Он нажал звонок на двери и вышел из автобуса. Когда-то журналисты прозвали его Чудодеем. Но никакое чудо не способно было исцелить его порванные связки. Бывший игрок «Сентраля» захромал прочь. Я мысленно повторила его последнюю фразу: «Привези этот трофей в наш район».
Кому еще известна моя тайна? Кто еще обсуждает меня?
13
На входе в школу я заметила Роксану – но только тогда, когда она напрыгнула на меня у самой двери.
– Эй, успокойся! Так и до инфаркта можно напугать, – сказала я.
– Диего выложил твое фото, и ты просто пропала с радаров. Если уж кто и напугался до инфаркта, так это я, – прошипела Роксана и вслед за мной вошла в школьный вестибюль. Увидев, что я в полном недоумении, она схватила меня за плечо и воскликнула: – Погоди, ты что, ничего не знаешь? Не знаешь, что случилось в выходные?

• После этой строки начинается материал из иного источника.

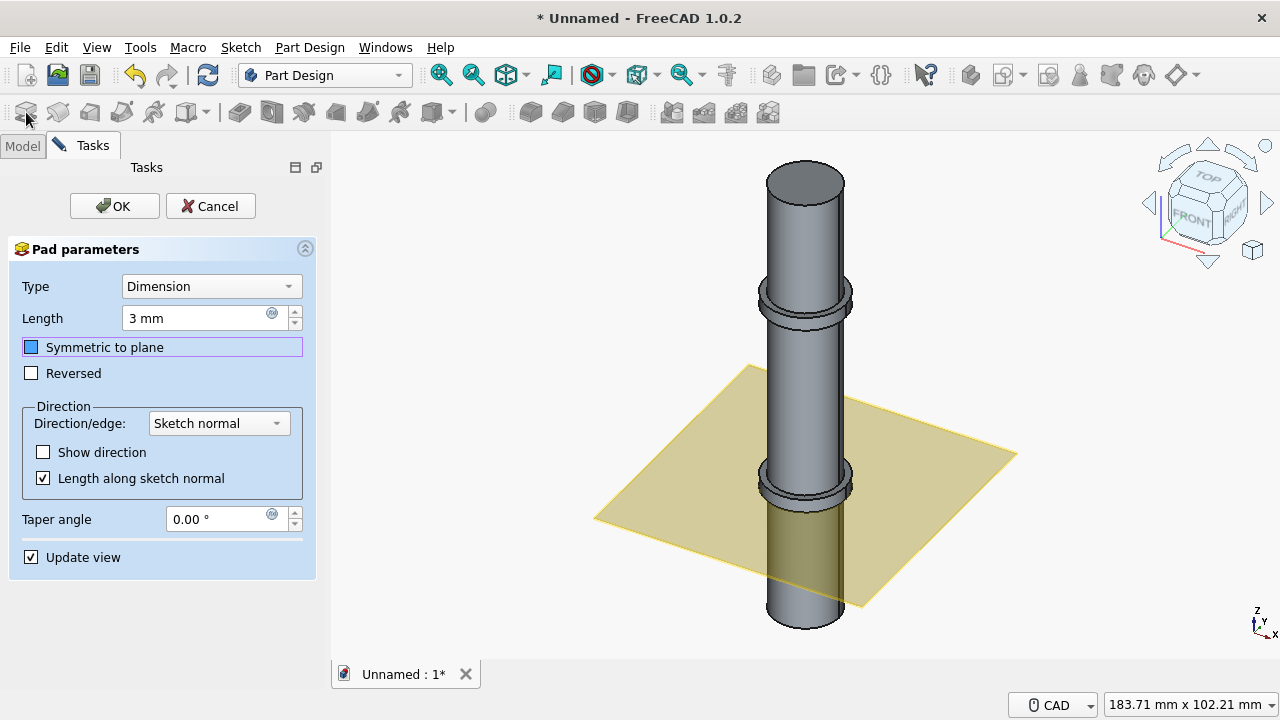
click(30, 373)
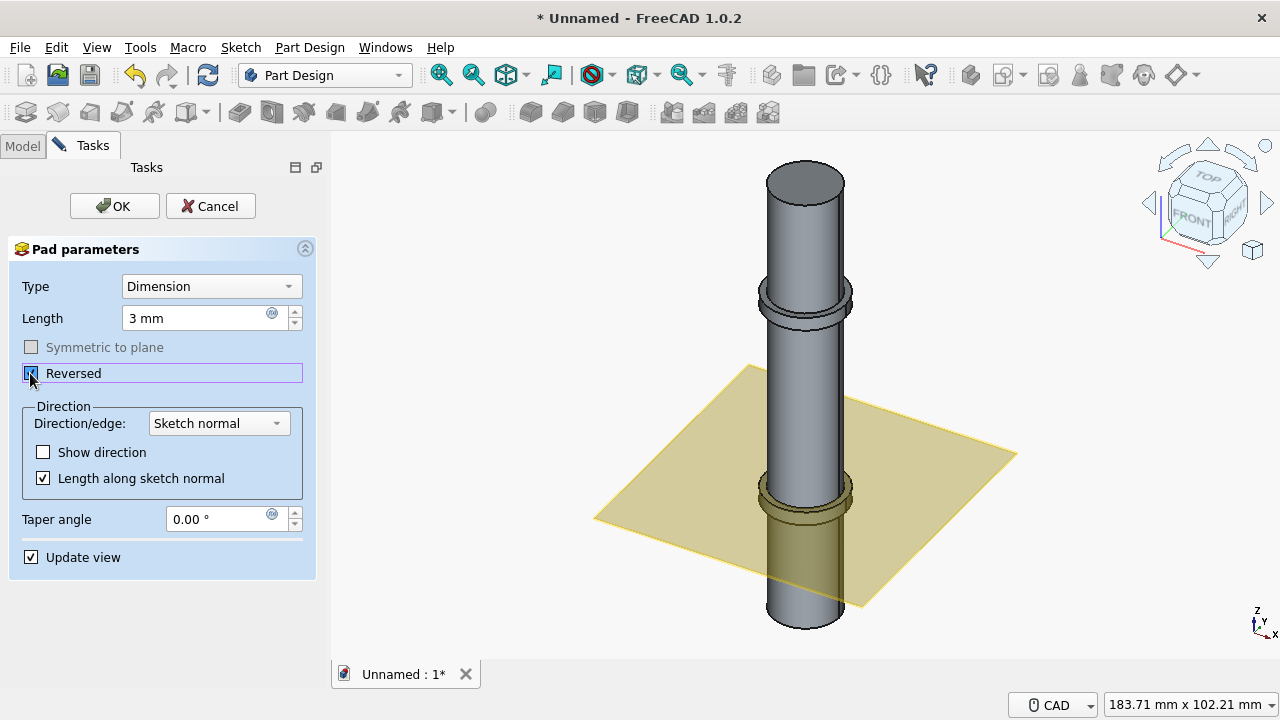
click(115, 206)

Мимо нас пробежала стайка младшеклассниц, и Роксана прикрикнула на них:
– Тише вы! Ее ж так инфаркт хватит!
Господи Боже, за какие заслуги ты послал мне Роксану? Непонятно. Я не успела еще ничего уточнить, а она уже включила мобильник и показала мне страничку Диего в Инстаграме. Я уронила рюкзак на пол и выхватила у нее телефон.

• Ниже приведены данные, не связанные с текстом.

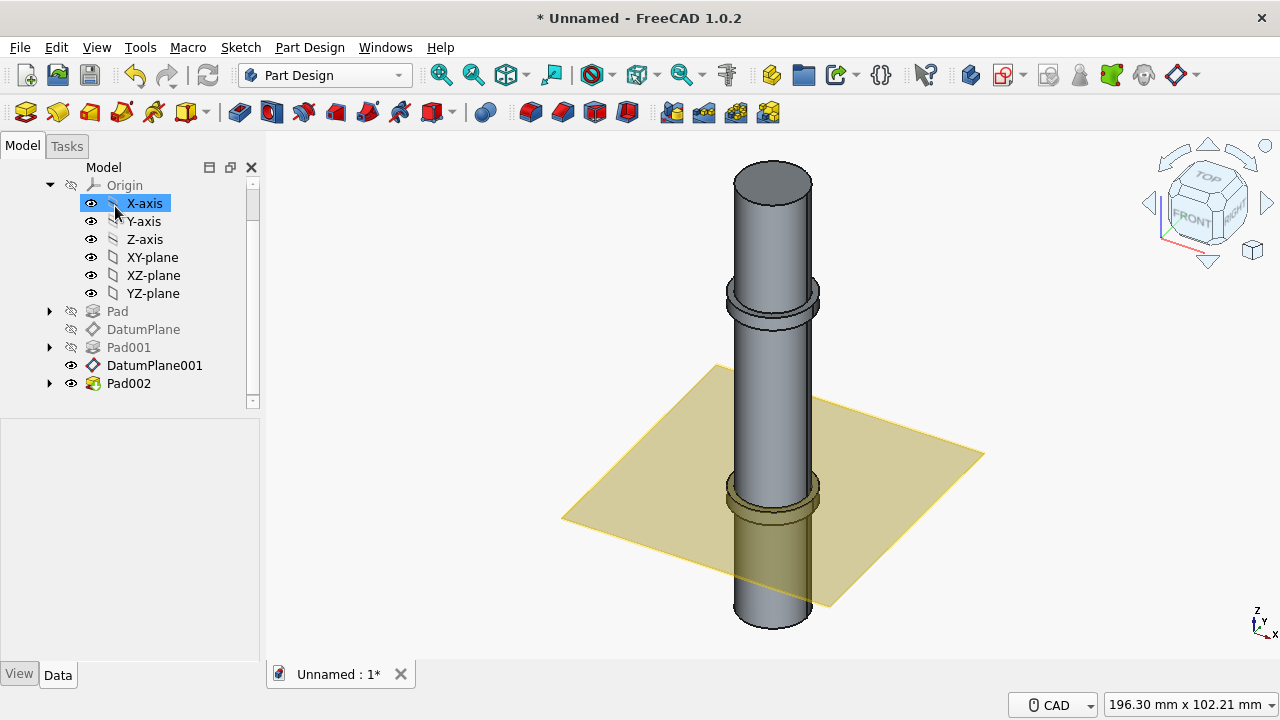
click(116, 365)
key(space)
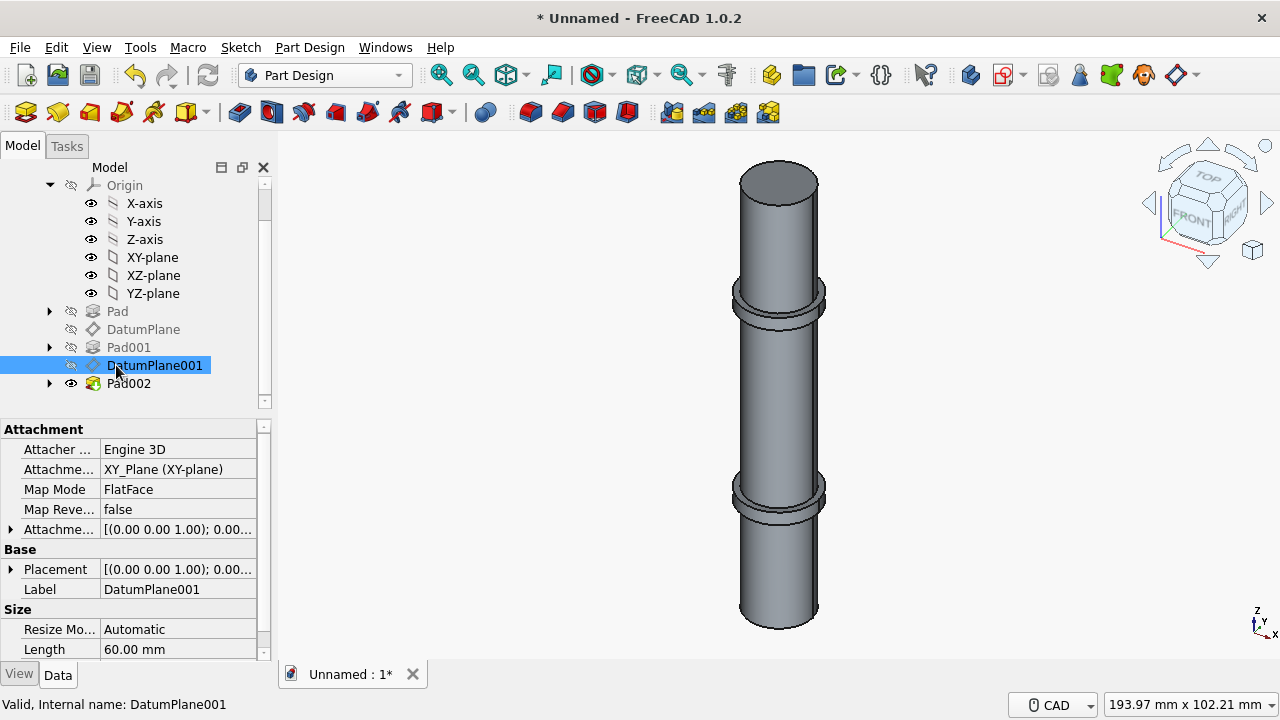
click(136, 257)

На экране красовалось наше с ним фото – старое, на снимке мне было одиннадцать, а ему тринадцать. И подпись: «Друзья». На мне был слитный голубой купальник, а на нем – старенькие форменные шорты «Сентраля». Тощие, как ящерки, загорелые до черноты, хотя лето еще только начиналось, мы сидели на дереве, уплетая мушмулу, и улыбались до ушей. Я отчетливо помнила тот день. Пабло сделал эту фотографию на свой первый смартфон.

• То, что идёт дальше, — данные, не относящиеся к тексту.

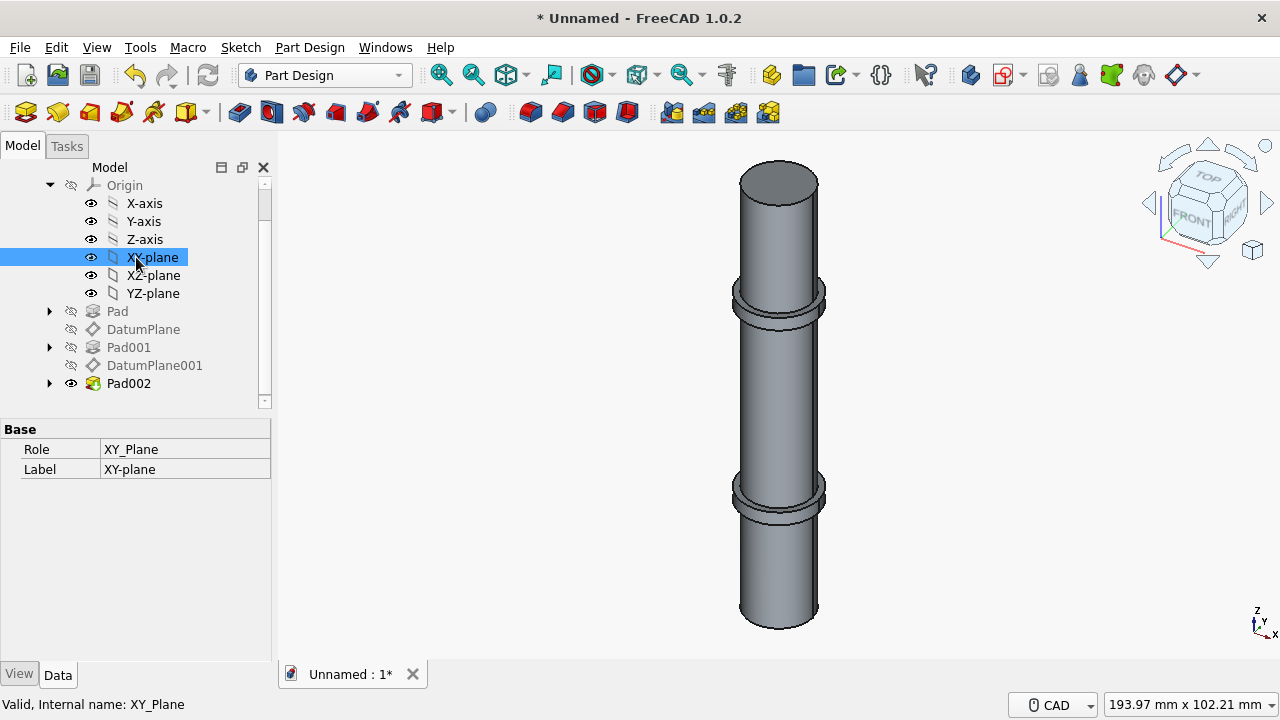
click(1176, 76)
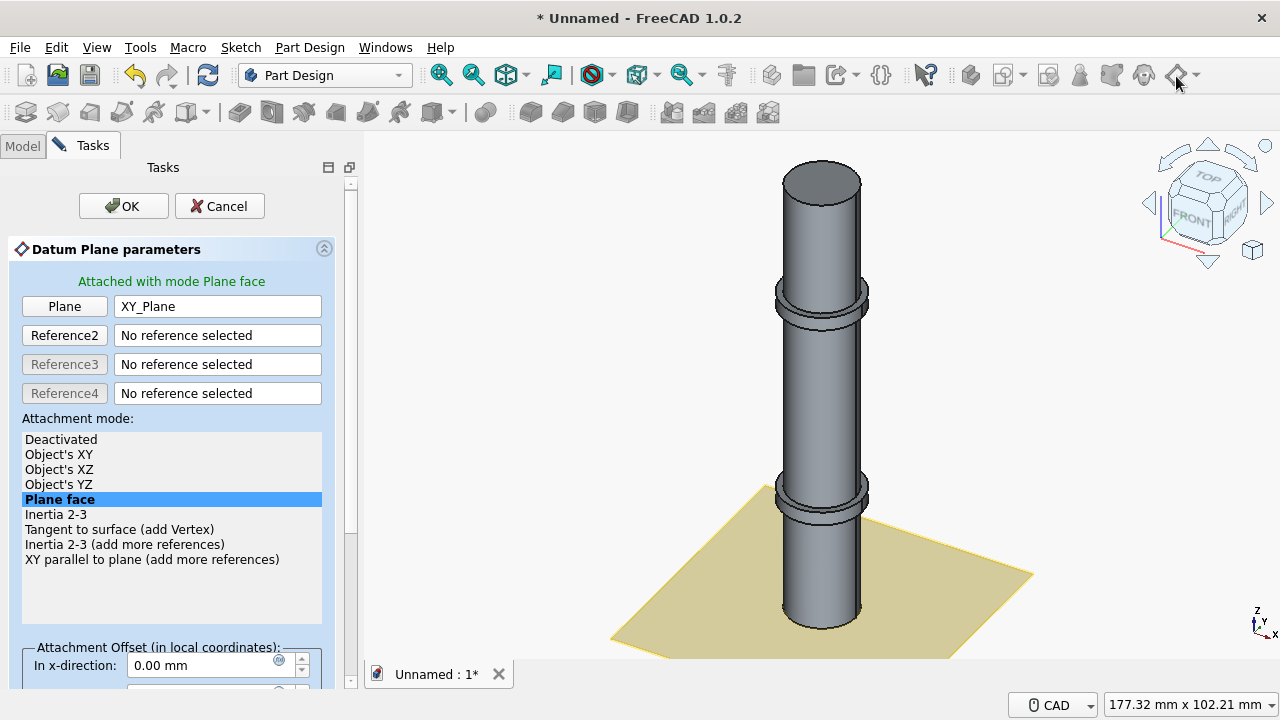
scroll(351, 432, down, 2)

И вот теперь я поспешно зажала рот ладонью, чтобы не выругаться рядом с невинными младшеклассницами. Диего вообще соображал, что делает? Он не имел никакого права выкладывать пост обо мне! И все-таки я ощутила прилив нежности – к этой парочке смешных тощих птенцов, которые понятия не имели, что им готовит судьба. А правда, как бы сложилась наша жизнь, если бы Диего не уехал в Турин?